Before even thinking of re-assembly, we need to first make sure that all entities are disassembled in a proper way. For example AMDGPU kernel descriptors as assembler directives rather than instructions. Similarly for notes. It may be considered as a low hanging fruit. But it definitely needs to be done. All entities need to be disassembled appropriately to make the final text relevant to the assembler.

But is re-assembly a long-term goal? If it isn't then there's no point in doing things to work towards it. There are cleaner ways of dumping information rather than trying to squeeze it all into the disassembly output, and in most cases those ways already exist. Even if it were, the chances are that your note output would have to be not human readable (i.e. in the form of .byte etc directives) since there is no corresponding assembler instructions/directives that correspond to them. For example, how do you create a "build-id" assembler input?

In an ideal world, we'd merge all the binary tools (GNU and LLVM) into a single tool, or redistribute functionality somehow, so that we don't have duplicate functionality like we already do. This takes us further away from that ideal.

I'm confused by this statement in particular. If the goal is to just have one tool, why did LLVM start re-implementing these tools to begin with? Wasn't the first commit of "llvm-objdump"/"llvm-readobj" a massive step away from the ideal?

In an ideal world, we'd merge all the binary tools (GNU and LLVM) into a single tool, or redistribute functionality somehow, so that we don't have duplicate functionality like we already do. This takes us further away from that ideal.

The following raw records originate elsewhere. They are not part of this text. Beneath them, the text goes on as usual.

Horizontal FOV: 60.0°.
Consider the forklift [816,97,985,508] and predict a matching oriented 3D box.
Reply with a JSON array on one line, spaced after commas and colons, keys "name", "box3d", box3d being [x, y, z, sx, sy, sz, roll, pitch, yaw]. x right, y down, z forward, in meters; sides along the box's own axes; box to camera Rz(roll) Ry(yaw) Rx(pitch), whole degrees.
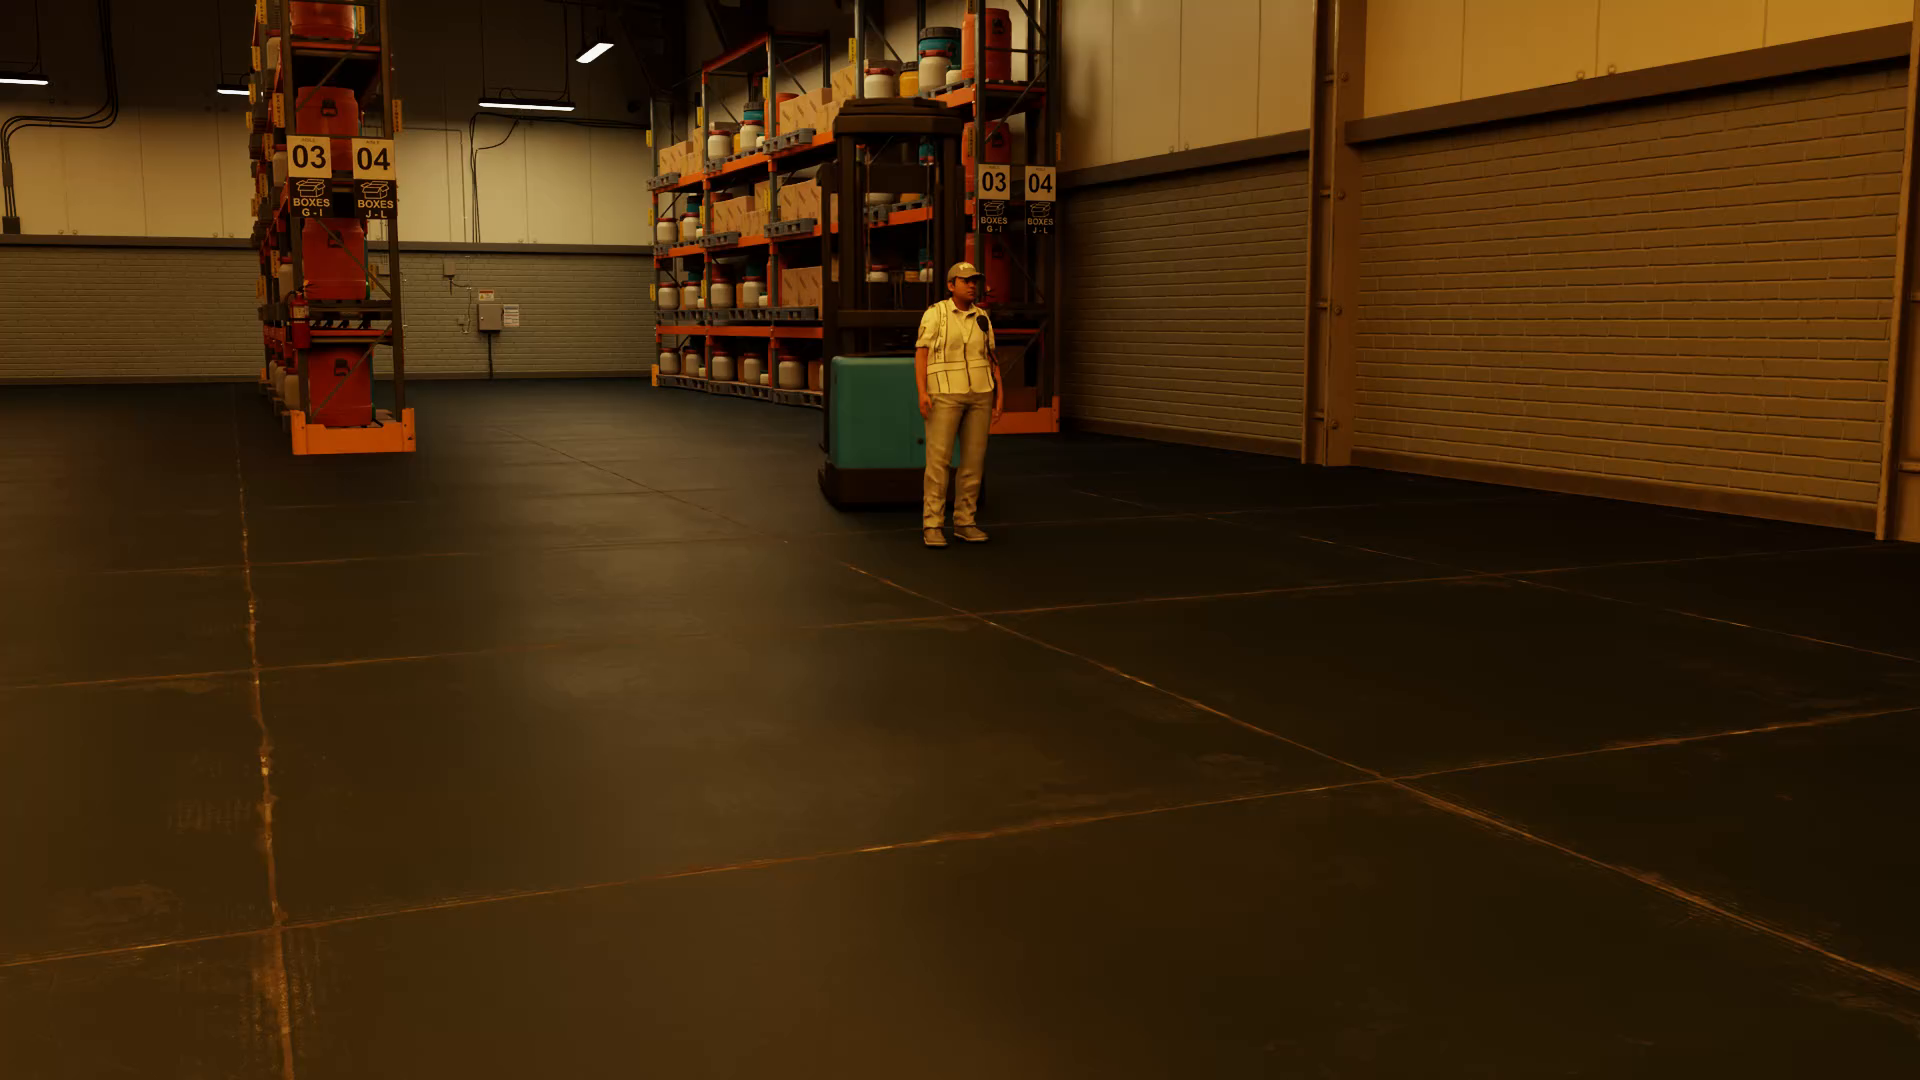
[{"name": "forklift", "box3d": [-0.537, -1.842, 12.910, 1.130, 2.935, 3.031, -1, 8, -8]}]

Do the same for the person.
[{"name": "person", "box3d": [0.010, -0.824, 9.965, 0.598, 1.670, 0.529, -3, 8, -23]}]

I'm confused by this statement in particular. If the goal is to just have one tool, why did LLVM start re-implementing these tools to begin with? Wasn't the first commit of "llvm-objdump"/"llvm-readobj" a massive step away from the ideal?

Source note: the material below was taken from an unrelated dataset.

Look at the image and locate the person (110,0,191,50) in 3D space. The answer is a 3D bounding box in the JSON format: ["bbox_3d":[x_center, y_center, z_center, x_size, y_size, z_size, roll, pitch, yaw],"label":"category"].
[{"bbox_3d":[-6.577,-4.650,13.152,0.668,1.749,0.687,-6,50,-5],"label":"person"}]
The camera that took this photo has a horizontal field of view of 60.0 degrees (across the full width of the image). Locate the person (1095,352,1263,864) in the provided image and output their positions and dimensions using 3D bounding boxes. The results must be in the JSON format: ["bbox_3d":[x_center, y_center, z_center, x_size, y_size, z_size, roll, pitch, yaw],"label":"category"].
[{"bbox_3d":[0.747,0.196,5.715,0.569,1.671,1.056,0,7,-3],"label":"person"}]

I'm afraid I can't answer that question. I joined LLVM development quite some time after both llvm-readobj and llvm-objdump were initially created. My suspicion is that llvm-readobj was created to provide a generic testing facility, llvm-readelf (i.e. GNU output style for llvm-readobj) was later added for GNU compatiblity, and llvm-objdump was created for disassembly, with GNU compatibility features such as section header printing added later on. However, I haven't attempted to research any of this in depth, so I could easily see this being wrong.